Imagen de archivo del Parque Nacional del Teide. / El Día
En nombre de la defensa del medio ambiente, los promotores de Canarias tiene un límite pretendían celebrar una manifestación en El Teide. No en los accesos o en las inmediaciones. En pleno centro de Las Cañadas, en el corazón mismo de símbolo natural más emblemático de Canarias. La convocatoria de protesta ha sido finalmente suspendida –por no cumplir los trámites legales obligatorios y recibir informes desfavorables de técnicos y conservadores del parque–, pero su mera convocatoria merece una reflexión: ¿a qué juega este ecologismo? Según los promotores de la performance, el objetivo era denunciar la masificación turística y el deterioro ambiental del Teide. La paradoja es inmediata: para protestar por la presión humana sobre un ecosistema delicado, proponemos incrementarla. Para denunciar el exceso de coches, visitantes y selfies, se convoca una marcha que habría colapsado el entorno, interrumpido el tráfico en la TF-21 y creado un precedente peligroso en un espacio declarado Patrimonio Mundial por la Unesco.
No se trata de una protesta improvisada ni de un arrebato juvenil: era una acción planificada, con evidente carga simbólica y una puesta en escena emocional. Es precisamente esa teatralización del ecologismo lo que resulta inquietante: el paisaje como escenario, el Teide como fondo de pantalla de una representación ideológica cuyo verdadero fin no es proteger, sino dramatizar. Crear alarma, colocar titulares y convertir el activismo en espectáculo. La política de los sentimientos, tan eficaz en redes sociales como inútil para gestionar lo real, se ha instalado también en el ecologismo. Lo que importa no es el equilibrio ambiental sino la épica de denuncia. De ahí que no bastara con manifestarse en El Portillo –una alternativa ofrecida por el Cabildo, menos sensible al destrozo y ya utilizada en otras ocasiones–, sino que insistieran en usar el Teide como símbolo, altar, y lugar sagrado para el sacrificio mediático.
La comparación no es exagerada. Hay algo profundamente irresponsable –y un punto cínico– en convocar una manifestación medioambiental que, de realizarse, supondría un daño directo al entorno que se dice querer proteger. Es como protestar contra la contaminación organizando una marcha de coches diésel. O contra los incendios forestales con una chuletada masiva en agosto, en plena alerta por incendios. O contra los vertidos ilegales vertiendo basura en los barrancos. La lógica absurda de que el fin justifica los medios revela que lo que menos importa es lo que se dice defender. Si el objeto de las movilizaciones fuera realmente la conservación del Teide, nadie en su sano juicio propondría convertir su territorio protegido en escenario para la confrontación política. Eso es exactamente lo que el Cabildo ha querido evitar: no impedir la protesta, sino evitar que el Teide se convierta en un campo de batalla simbólico, en un «lugar de memoria» de la indignación social, como si la conservación de los parques nacionales debiera supeditarse al termómetro emocional de las redes.
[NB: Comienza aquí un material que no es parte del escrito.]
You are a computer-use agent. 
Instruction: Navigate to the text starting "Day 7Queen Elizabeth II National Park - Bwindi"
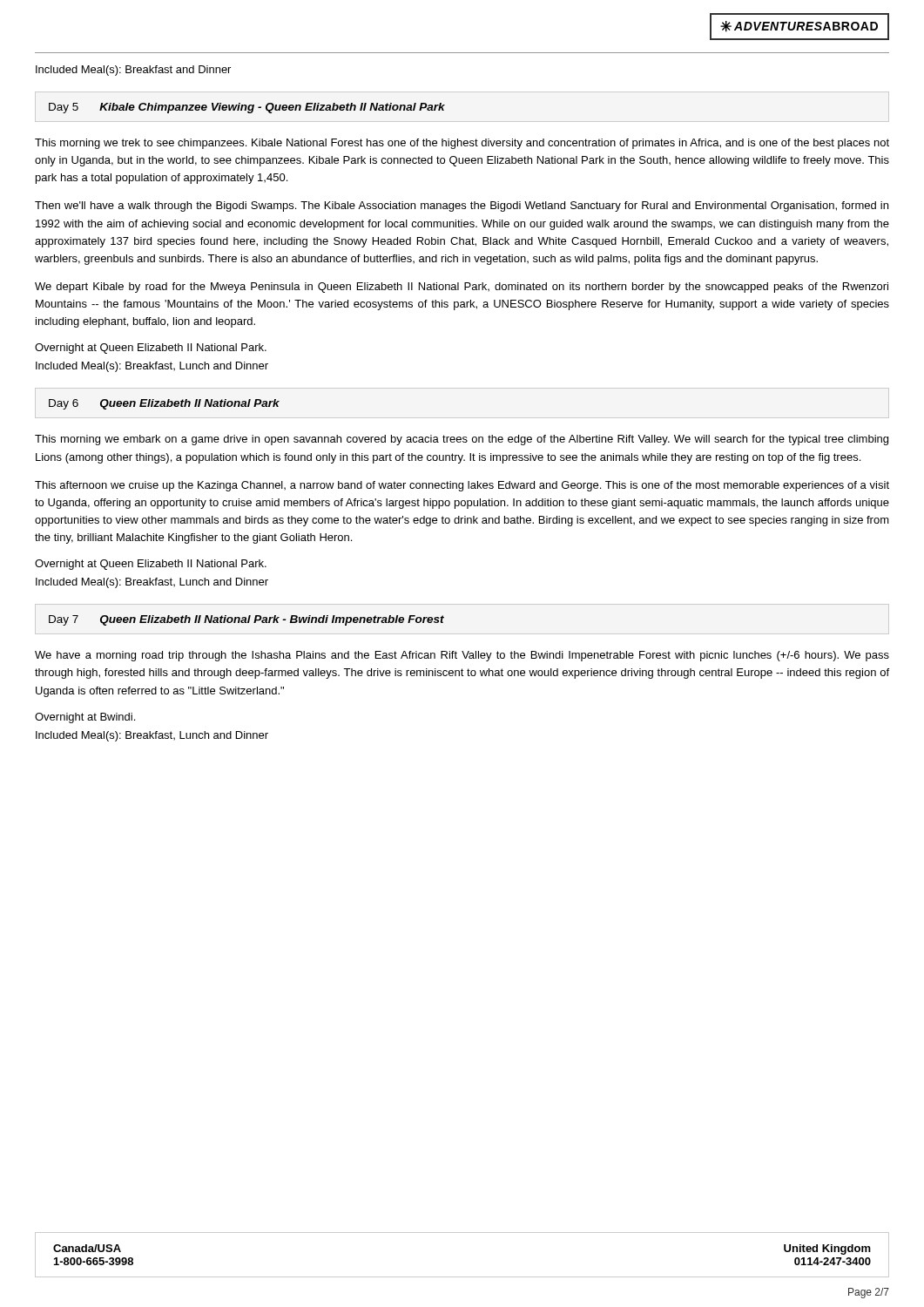point(246,619)

Este uso bastardo del ecologismo tiene además una derivada política: no es casual que la oposición se haya sumado a la convocatoria con entusiasmo, aplaudiendo la «valentía» de los activistas, y acusando al Cabildo de censura y represión. Les da igual que no se hayan cumplido los trámites legales. Les resbala el daño potencial. Lo importante es la foto, el eslogan, el rédito electoral. Y si para ello hay que instrumentalizar un paraje natural, sagrado para muchos canarios, pues adelante.
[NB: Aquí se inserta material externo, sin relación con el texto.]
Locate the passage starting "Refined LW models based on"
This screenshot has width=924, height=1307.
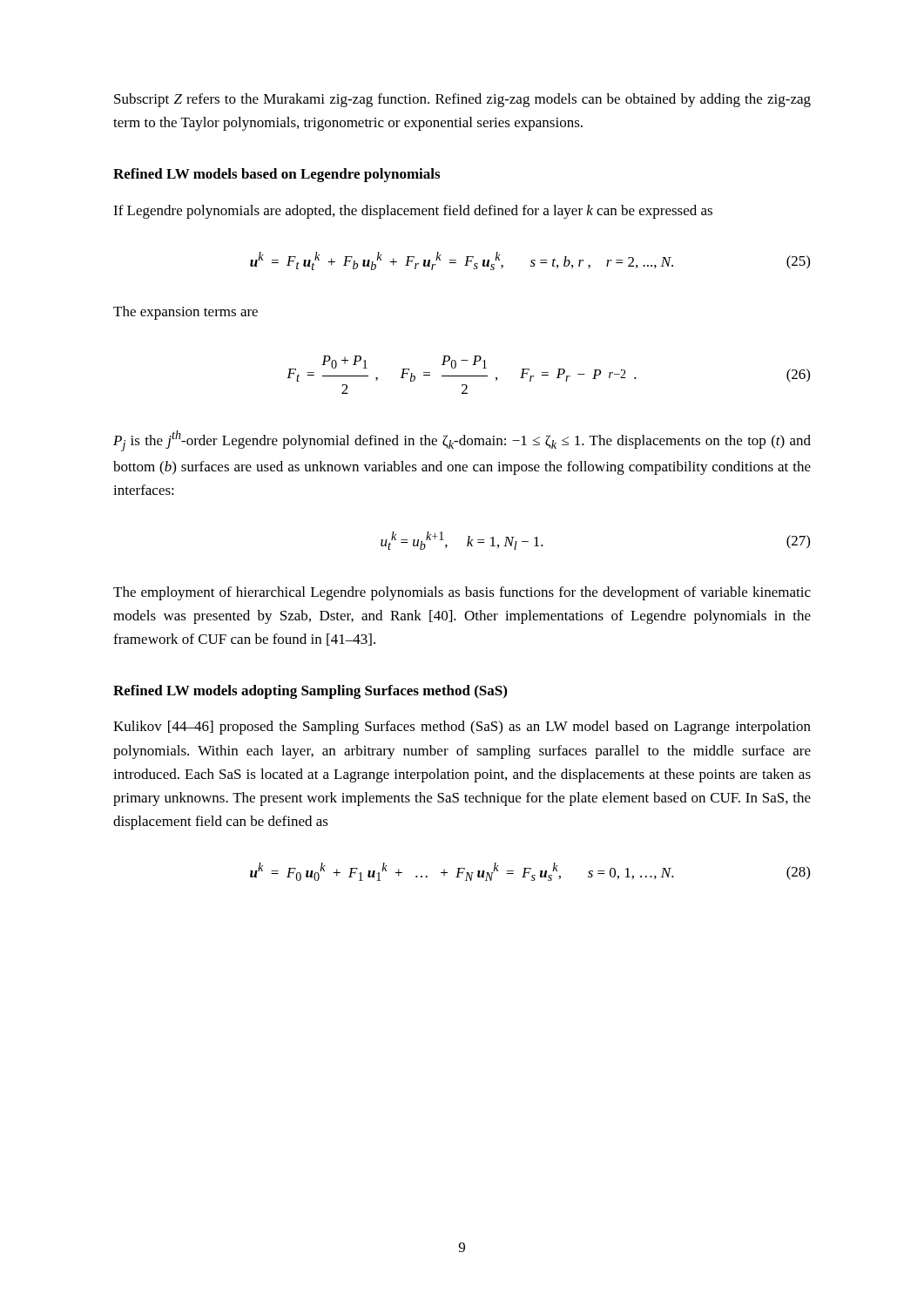pos(277,174)

Estamos ante un nuevo formato de populismo ambiental, emocional, de brocha gorda. Uno que reduce problemas complejos –como el modelo turístico, la capacidad de carga de los espacios protegidos o la gestión de residuos– a una dicotomía infantil: buenos contra malos. Los buenos, por supuesto, son siempre los que se manifiestan, los que se encadenan, los que denuncian. Y los malos, los que gestionan, regulan, y ponen límites en vez de proclamarlos. Son malos los técnicos, los científicos, las instituciones, todo lo que huela a complejidad, a gradualismo, a matiz. Porque enturbian la eficacia de un relato basado en excitar los sentimientos. Este tipo de activismo daña precisamente aquello que asegura defender. Desprestigia el ecologismo que nos hace falta, el que trabaja con datos, el que propone soluciones viables, el que colabora con instituciones para mejorar la gestión ambiental. Y al mismo tiempo, desmoviliza a la ciudadanía sensata, que acaba confundida entre el ruido de las pancartas y el silencio de la razón.
El Teide no necesita ser convertido en un símbolo de confrontación y protesta. Es desde hace décadas el símbolo de lo contrario: del equilibrio y la identidad de un pueblo, del esfuerzo colectivo por proteger lo valioso, de los valores compartidos por generaciones. Convertirlo en otra trinchera ideológica más no es solo un error: es una traición a su historia y naturaleza. La suspensión de la manifestación ha sido, y no porque lo diga el Cabildo, un triunfo de la cordura. Y un aviso a navegantes: los espacios naturales no están al servicio de causas. Son bienes comunes, frágiles, que merecen nuestro respeto. También –y sobre todo– cuando se pretende defenderlos.